7.2 Improvement of population estimates
As well as allowing investigation of the relationships between variables within survey data sets, regression estimation allows the improvement of population level estimates.
For example if a numerical variable \(Y_i\) can be modelled well by a set of \(J\) variables \({\mathbf{X}}_i=(X_{i1}, \ldots, X_{iJ})\): \[ Y_i = \mathbf{X}_i^T\beta + \varepsilon_i = \sum_{j=1}^J X_{ij}\beta_j + \varepsilon_i \] then the simple Horwitz-Thompson estimate the population total \(Y\) \[ \widehat{Y}_{\mathrm{HT}} = \sum_{k=1}^n w_k y_k \] may be improved by replacing the observed values \(y_k\) by the fitted values \(\widehat{y}_k\) from the regression \[\begin{eqnarray*} \widehat{Y}_{\mathrm{reg}} &=& \sum_{k=1}^n w_k \widehat{y}_k\\ &=& \sum_{k=1}^n \sum_{j=1}^J w_kX_{kj}\widehat{\beta}_j\\ &=& \sum_{k=1}^n \widehat{X}_j\widehat{\beta}_j \end{eqnarray*}\] where \(\widehat{X}_j=\sum_{j=1}^J w_kX_{kj}\) is an estimate of the population total of the \(j^{\mathrm{th}}\) variable \(\mathbf{X}_j\). If the true values of these totals are known (from some external source) than an even more precise estimate of \(\widehat{Y}\) may be created by replacing \(\widehat{X}_j\) with their true values \(X_j\) \[\begin{eqnarray*} \widehat{Y}_{\mathrm{R}} &=& \sum_{k=1}^n X_j\widehat{\beta}_j \end{eqnarray*}\] A particular example is the ratio estimator where there is one predictor variable \(X\) and the regression relationship is a simple proportionality: \[ Y_i = \beta X_i + \varepsilon_i \] which for a SRSWOR leads to \(\widehat{\beta}=\bar{y}/\bar{x}\) and thus to \(\widehat{Y}=X\bar{y}/\bar{x}\).
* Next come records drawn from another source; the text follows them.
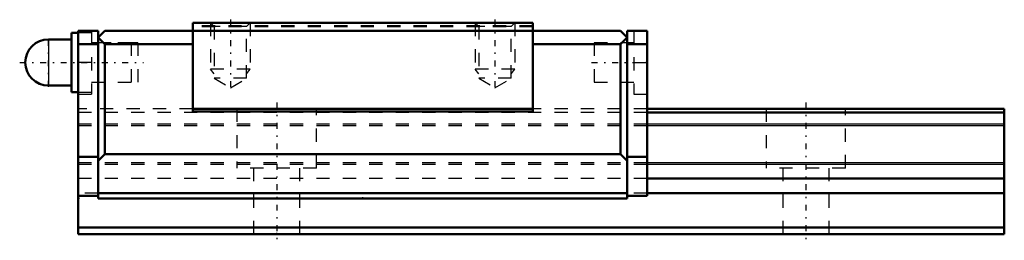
# Model space of a CAD drawing. Header units: millimetres. Extents: x -19.4 to 55, y -0.5 to 16.2.
import ezdxf

# ---------------------------------------------------------------- set-up
doc = ezdxf.new("R2010")
doc.units = ezdxf.units.MM
doc.linetypes.add('Center', pattern=[1.5, 0.45, -0.5, 0.05, -0.5])
doc.linetypes.add('Dashed', pattern=[2, 1, -1])
for name, color, linetype, lineweight in [('2d ConnectionPoints', 7, 'Continuous', 50), ('AM_0', 7, 'Continuous', 50), ('AM_4', 3, 'Continuous', 25), ('AM_5', 3, 'Continuous', 25), ('AM_7', 7, 'Center', 25), ('AM_9', 6, 'Dashed', 25)]:
    doc.layers.add(name, color=color, linetype=linetype, lineweight=lineweight)

# ---------------------------------------------------------------- blocks, each defined once
blk = doc.blocks.new('1_PB107_SRS_Grease_Nipple_Joint_0_in_SRS15GMSS70LMG150PB10700001_0')
at = {"layer": 'AM_0'}
for p, q in [((-15, 15.25), (-15.5, 15.25)), ((-15.5, 15.25), (-15.5, 10.75)), ((-15.5, 14.75), (-17.25, 14.75)), ((-17.25, 11.25), (-15.5, 11.25)), ((-15.5, 10.75), (-15, 10.75))]:
    blk.add_line(p, q, dxfattribs=at)
blk.add_arc((-17.25, 13), 1.75, 90, 270, dxfattribs=at)
at = {"layer": 'AM_4'}
blk.add_line((-17.25, 14.75), (-17.25, 11.25), dxfattribs=at)
at = {"layer": 'AM_7'}
for p, q in [((-17.25, 11.1625), (-17.25, 14.8375)), ((-19.425, 13), (-10.075, 13))]:
    blk.add_line(p, q, dxfattribs=at)
at = {"layer": 'AM_9'}
for p, q in [((-14, 15.25), (-15, 15.25)), ((-10.5, 14.5), (-14, 14.5)), ((-10.5, 14.5), (-10.5, 11.5)), ((-14, 11.5), (-10.5, 11.5)), ((-15, 10.75), (-14, 10.75))]:
    blk.add_line(p, q, dxfattribs=at)
blk = doc.blocks.new('2_SRS15GMSSPB1071_Slider_0_in_SRS15GMSS70LMG150PB10700001_0')
at = {"layer": 'AM_0'}
for p, q in [((-6.35, 16), (-6.35, 9.28)), ((19.35, 16), (-6.35, 16)), ((19.35, 16), (19.35, 9.28)), ((-15, 15.4), (-15, 2.9)), ((-15, 15.4), (-13.5, 15.4)), ((-13, 15.4), (-13.5, 14.9)), ((-13.5, 2.7), (-13.5, 15.4)), ((-13.5, 14.9), (-13, 14.4)), ((26, 15.4), (-13, 15.4)), ((26, 15.4), (26.5, 14.9)), ((26.5, 14.9), (26, 14.4)), ((28, 15.4), (26.5, 15.4)), ((26.5, 2.7), (26.5, 15.4)), ((28, 15.4), (28, 2.9)), ((-15, 14.4), (-13.5, 14.4)), ((-13, 14.4), (-6.35, 14.4)), ((-13, 14.4), (-13, 6.06)), ((26, 14.4), (19.35, 14.4)), ((26, 14.4), (26, 6.06)), ((28, 14.4), (26.5, 14.4)), ((19.35, 9.5), (-6.35, 9.5)), ((19.35, 9.28), (-6.35, 9.28)), ((-13, 6.06), (-13.5, 5.56)), ((26, 6.06), (-13, 6.06)), ((26.5, 5.56), (26, 6.06)), ((-13.5, 5.86), (-15, 5.86)), ((28, 5.86), (26.5, 5.86)), ((26.5, 3.1), (-13.5, 3.1)), ((-13.5, 2.9), (-15, 2.9)), ((26.5, 2.7), (-13.5, 2.7)), ((28, 2.9), (26.5, 2.9))]:
    blk.add_line(p, q, dxfattribs=at)
at = {"layer": 'AM_5', "linetype": 'Dashed'}
for p, q in [((-5, 16), (-5, 12.5)), ((-2, 16), (-2, 12.5)), ((15, 16), (15, 12.5)), ((18, 16), (18, 12.5)), ((-2, 12.5), (-5, 12.5)), ((-4.729, 12.15), (-5, 12.5)), ((-2.271, 12.15), (-2, 12.5)), ((18, 12.5), (15, 12.5)), ((15.271, 12.15), (15, 12.5)), ((17.73, 12.15), (18, 12.5))]:
    blk.add_line(p, q, dxfattribs=at)
at = {"layer": 'AM_7'}
for p, q in [((-3.5, 16.245), (-3.5, 10.845)), ((16.5, 16.245), (16.5, 10.845)), ((23.8, 13), (28.2, 13))]:
    blk.add_line(p, q, dxfattribs=at)
at = {"layer": 'AM_9'}
for p, q in [((19.35, 15.771), (-6.35, 15.771)), ((19.35, 15.7), (-6.35, 15.7)), ((-5, 16), (-4.729, 15.729)), ((-4.729, 15.729), (-4.729, 11.8)), ((-2.271, 15.729), (-4.729, 15.729)), ((-2.271, 15.729), (-2, 16)), ((-2.271, 11.8), (-2.271, 15.729)), ((15, 16), (15.271, 15.729)), ((15.271, 15.729), (15.271, 11.8)), ((17.73, 15.729), (15.271, 15.729)), ((17.73, 15.729), (18, 16)), ((17.73, 11.8), (17.73, 15.729)), ((-14, 15.4), (-14, 10.6)), ((27, 15.4), (27, 10.6)), ((-11, 14.5), (-14, 14.5)), ((-11, 14.5), (-11, 11.5)), ((27, 14.5), (24, 14.5)), ((24, 14.5), (24, 11.5)), ((-14, 13), (-15, 13)), ((27, 13), (28, 13)), ((-14, 11.5), (-11, 11.5)), ((-4.729, 11.8), (-3.5, 11.09)), ((-2.271, 11.8), (-4.729, 11.8)), ((-3.5, 11.09), (-2.271, 11.8)), ((15.271, 11.8), (16.5, 11.09)), ((17.73, 11.8), (15.271, 11.8)), ((16.5, 11.09), (17.73, 11.8)), ((24, 11.5), (27, 11.5)), ((-15, 10.6), (-14, 10.6)), ((27, 10.6), (28, 10.6)), ((-6.35, 9.5), (-15, 9.5)), ((28, 9.2), (-15, 9.2)), ((28, 9.5), (19.35, 9.5)), ((28, 8.33), (-15, 8.33)), ((28, 8.199), (-15, 8.199)), ((28, 5.401), (-15, 5.401)), ((28, 5.27), (-15, 5.27)), ((28, 4.2), (-15, 4.2)), ((-13.5, 3.1), (-15, 3.1)), ((28, 3.1), (26.5, 3.1))]:
    blk.add_line(p, q, dxfattribs=at)
blk = doc.blocks.new('3_SRS15GM7015_Track_0_in_SRS15GMSS70LMG150PB10700001_0')
at = {"layer": 'AM_0'}
for p, q in [((55, 9.5), (28, 9.5)), ((55, 9.2), (28, 9.2)), ((55, 9.5), (55, 0)), ((55, 4.2), (28, 4.2)), ((55, 3.1), (28, 3.1)), ((-15, 2.9), (-15, 0)), ((55, 0.5), (-15, 0.5)), ((55, 0), (-15, 0))]:
    blk.add_line(p, q, dxfattribs=at)
at = {"layer": 'AM_4'}
for p, q in [((55, 8.33), (28, 8.33)), ((55, 8.199), (28, 8.199)), ((55, 5.401), (28, 5.401)), ((55, 5.27), (28, 5.27))]:
    blk.add_line(p, q, dxfattribs=at)
at = {"layer": 'AM_7'}
for p, q in [((0, 9.975), (0, -0.475)), ((40, 9.975), (40, -0.475))]:
    blk.add_line(p, q, dxfattribs=at)
at = {"layer": 'AM_9'}
for p, q in [((-6.35, 9.5), (-15, 9.5)), ((28, 9.2), (-15, 9.2)), ((-3, 9.5), (-3, 5)), ((3, 5), (3, 9.5)), ((28, 9.5), (19.35, 9.5)), ((37, 9.5), (37, 5)), ((43, 5), (43, 9.5)), ((28, 8.33), (-15, 8.33)), ((28, 8.199), (-15, 8.199)), ((28, 5.401), (-15, 5.401)), ((28, 5.27), (-15, 5.27)), ((3, 5), (-3, 5)), ((-1.75, 5), (-1.75, 0)), ((1.75, 0), (1.75, 5)), ((43, 5), (37, 5)), ((38.25, 5), (38.25, 0)), ((41.75, 0), (41.75, 5)), ((28, 4.2), (-15, 4.2)), ((-13.5, 3.1), (-15, 3.1)), ((28, 3.1), (26.5, 3.1))]:
    blk.add_line(p, q, dxfattribs=at)

msp = doc.modelspace()

# ---------------------------------------------------------------- linework, layer by layer
at = {"layer": '2d ConnectionPoints'}
for p in [(-15, 13), (28, 13), (-15, 2.7), (6.5, 2.7), (0, 0), (0, 0)]:
    msp.add_point(p, dxfattribs=at)

# ---------------------------------------------------------------- block references
for name in ['2_SRS15GMSSPB1071_Slider_0_in_SRS15GMSS70LMG150PB10700001_0', '1_PB107_SRS_Grease_Nipple_Joint_0_in_SRS15GMSS70LMG150PB10700001_0', '3_SRS15GM7015_Track_0_in_SRS15GMSS70LMG150PB10700001_0']:
    msp.add_blockref(name, (0, 0))

doc.saveas('drawing.dxf')

The generalised regression (GREG) estimator is yet another alternative \[\begin{eqnarray*} \widehat{Y}_{\mathrm{greg}} &=& \sum_{i=1}^N \widehat{y}_i + \sum_{k=1}^n w_k(y_k - \widehat{y}_k)\\ &=& \sum_{j=1}^J X_j\widehat{\beta}_j + (\widehat{Y}_{\mathrm{HT}} - \widehat{Y}_{\mathrm{reg}}) \end{eqnarray*}\]
iNZight is not (yet) set up for this kind of estimation.